EXERCISE: Return exactly the lines below, starting with the one that has "721, 1165, 871]" and going on through the one that has "text 並另敘明： [75, 871, 1165, 908]".

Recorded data

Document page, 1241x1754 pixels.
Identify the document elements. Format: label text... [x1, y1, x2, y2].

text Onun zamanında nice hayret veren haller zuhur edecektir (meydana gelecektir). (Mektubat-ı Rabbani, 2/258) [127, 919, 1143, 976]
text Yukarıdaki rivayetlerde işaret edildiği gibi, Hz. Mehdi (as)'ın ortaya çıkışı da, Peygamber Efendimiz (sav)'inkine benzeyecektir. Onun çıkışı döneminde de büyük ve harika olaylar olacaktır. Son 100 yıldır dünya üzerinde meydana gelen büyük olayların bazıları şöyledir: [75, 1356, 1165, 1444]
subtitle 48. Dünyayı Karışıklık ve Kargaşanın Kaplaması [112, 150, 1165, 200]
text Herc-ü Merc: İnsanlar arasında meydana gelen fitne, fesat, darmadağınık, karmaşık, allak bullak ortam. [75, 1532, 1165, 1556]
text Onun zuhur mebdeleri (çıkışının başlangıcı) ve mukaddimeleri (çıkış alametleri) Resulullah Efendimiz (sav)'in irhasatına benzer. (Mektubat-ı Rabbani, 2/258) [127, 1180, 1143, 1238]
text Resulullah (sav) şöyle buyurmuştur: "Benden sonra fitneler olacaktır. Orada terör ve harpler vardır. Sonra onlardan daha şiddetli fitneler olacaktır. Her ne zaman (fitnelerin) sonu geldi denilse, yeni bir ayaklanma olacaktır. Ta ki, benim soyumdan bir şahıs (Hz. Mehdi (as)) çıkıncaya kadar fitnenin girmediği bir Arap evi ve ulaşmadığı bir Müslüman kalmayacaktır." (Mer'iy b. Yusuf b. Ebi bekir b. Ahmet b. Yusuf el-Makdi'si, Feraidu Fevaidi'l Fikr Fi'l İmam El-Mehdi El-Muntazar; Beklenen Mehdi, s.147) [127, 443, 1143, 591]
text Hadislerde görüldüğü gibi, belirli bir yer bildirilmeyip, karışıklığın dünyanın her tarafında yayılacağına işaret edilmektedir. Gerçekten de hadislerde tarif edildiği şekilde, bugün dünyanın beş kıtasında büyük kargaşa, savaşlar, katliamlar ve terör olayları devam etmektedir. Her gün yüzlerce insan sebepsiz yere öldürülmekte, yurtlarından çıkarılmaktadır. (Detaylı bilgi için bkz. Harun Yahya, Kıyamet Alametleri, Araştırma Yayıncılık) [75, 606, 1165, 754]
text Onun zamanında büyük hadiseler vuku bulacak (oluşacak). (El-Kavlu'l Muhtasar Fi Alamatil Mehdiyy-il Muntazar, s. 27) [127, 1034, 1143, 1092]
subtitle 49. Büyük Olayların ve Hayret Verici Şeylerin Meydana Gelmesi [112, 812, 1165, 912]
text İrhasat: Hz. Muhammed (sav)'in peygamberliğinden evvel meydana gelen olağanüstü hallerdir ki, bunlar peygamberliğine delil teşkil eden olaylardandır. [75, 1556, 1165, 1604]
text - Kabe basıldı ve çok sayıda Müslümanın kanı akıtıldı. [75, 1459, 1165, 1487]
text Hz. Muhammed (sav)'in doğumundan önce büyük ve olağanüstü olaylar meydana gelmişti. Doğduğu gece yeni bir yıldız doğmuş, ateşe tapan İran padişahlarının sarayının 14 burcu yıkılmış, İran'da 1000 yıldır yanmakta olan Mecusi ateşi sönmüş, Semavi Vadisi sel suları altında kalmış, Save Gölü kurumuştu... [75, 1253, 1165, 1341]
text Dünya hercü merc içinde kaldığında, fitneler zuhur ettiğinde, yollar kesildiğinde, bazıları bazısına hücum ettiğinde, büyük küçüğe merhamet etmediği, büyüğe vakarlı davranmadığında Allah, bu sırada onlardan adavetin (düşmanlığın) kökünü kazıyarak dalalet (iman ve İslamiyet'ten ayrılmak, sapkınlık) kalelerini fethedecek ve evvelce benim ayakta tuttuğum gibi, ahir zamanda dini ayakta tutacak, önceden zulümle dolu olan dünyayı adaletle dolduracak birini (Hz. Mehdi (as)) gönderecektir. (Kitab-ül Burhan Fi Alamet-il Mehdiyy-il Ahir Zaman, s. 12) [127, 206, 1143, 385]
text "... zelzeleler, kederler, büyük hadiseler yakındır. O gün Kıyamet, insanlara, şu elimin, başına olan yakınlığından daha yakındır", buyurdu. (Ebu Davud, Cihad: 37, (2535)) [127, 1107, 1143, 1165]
--
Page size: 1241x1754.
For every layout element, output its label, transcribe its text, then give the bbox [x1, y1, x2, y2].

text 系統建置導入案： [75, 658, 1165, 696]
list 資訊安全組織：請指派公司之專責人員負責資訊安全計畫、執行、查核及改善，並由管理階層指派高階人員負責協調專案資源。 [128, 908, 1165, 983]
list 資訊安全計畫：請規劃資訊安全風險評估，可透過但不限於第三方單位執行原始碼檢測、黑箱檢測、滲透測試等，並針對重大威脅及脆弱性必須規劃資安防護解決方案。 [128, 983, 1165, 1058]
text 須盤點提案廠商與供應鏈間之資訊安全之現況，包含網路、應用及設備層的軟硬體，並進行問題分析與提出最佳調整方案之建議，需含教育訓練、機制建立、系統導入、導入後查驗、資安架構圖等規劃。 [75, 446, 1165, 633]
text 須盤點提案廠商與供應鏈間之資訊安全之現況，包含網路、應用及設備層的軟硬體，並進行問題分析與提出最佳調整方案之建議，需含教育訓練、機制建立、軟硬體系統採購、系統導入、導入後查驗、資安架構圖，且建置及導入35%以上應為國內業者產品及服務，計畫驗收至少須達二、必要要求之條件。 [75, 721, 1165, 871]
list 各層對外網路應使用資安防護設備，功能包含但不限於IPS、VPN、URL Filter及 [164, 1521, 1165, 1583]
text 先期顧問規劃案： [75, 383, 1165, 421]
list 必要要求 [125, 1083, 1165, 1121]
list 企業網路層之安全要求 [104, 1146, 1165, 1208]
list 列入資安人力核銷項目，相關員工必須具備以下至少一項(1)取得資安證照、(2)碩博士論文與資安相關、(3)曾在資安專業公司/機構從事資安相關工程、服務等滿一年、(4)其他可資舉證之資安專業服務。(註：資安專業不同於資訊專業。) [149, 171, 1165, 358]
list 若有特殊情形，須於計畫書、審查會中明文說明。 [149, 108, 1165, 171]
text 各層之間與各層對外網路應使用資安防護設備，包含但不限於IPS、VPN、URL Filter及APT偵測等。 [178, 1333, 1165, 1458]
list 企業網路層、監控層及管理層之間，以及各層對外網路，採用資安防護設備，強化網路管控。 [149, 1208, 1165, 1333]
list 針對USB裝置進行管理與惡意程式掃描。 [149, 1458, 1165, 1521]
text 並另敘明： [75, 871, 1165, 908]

SOLUTION:
text 須盤點提案廠商與供應鏈間之資訊安全之現況，包含網路、應用及設備層的軟硬體，並進行問題分析與提出最佳調整方案之建議，需含教育訓練、機制建立、軟硬體系統採購、系統導入、導入後查驗、資安架構圖，且建置及導入35%以上應為國內業者產品及服務，計畫驗收至少須達二、必要要求之條件。 [75, 721, 1165, 871]
list 各層對外網路應使用資安防護設備，功能包含但不限於IPS、VPN、URL Filter及 [164, 1521, 1165, 1583]
text 先期顧問規劃案： [75, 383, 1165, 421]
list 必要要求 [125, 1083, 1165, 1121]
list 企業網路層之安全要求 [104, 1146, 1165, 1208]
list 列入資安人力核銷項目，相關員工必須具備以下至少一項(1)取得資安證照、(2)碩博士論文與資安相關、(3)曾在資安專業公司/機構從事資安相關工程、服務等滿一年、(4)其他可資舉證之資安專業服務。(註：資安專業不同於資訊專業。) [149, 171, 1165, 358]
list 若有特殊情形，須於計畫書、審查會中明文說明。 [149, 108, 1165, 171]
text 各層之間與各層對外網路應使用資安防護設備，包含但不限於IPS、VPN、URL Filter及APT偵測等。 [178, 1333, 1165, 1458]
list 企業網路層、監控層及管理層之間，以及各層對外網路，採用資安防護設備，強化網路管控。 [149, 1208, 1165, 1333]
list 針對USB裝置進行管理與惡意程式掃描。 [149, 1458, 1165, 1521]
text 並另敘明： [75, 871, 1165, 908]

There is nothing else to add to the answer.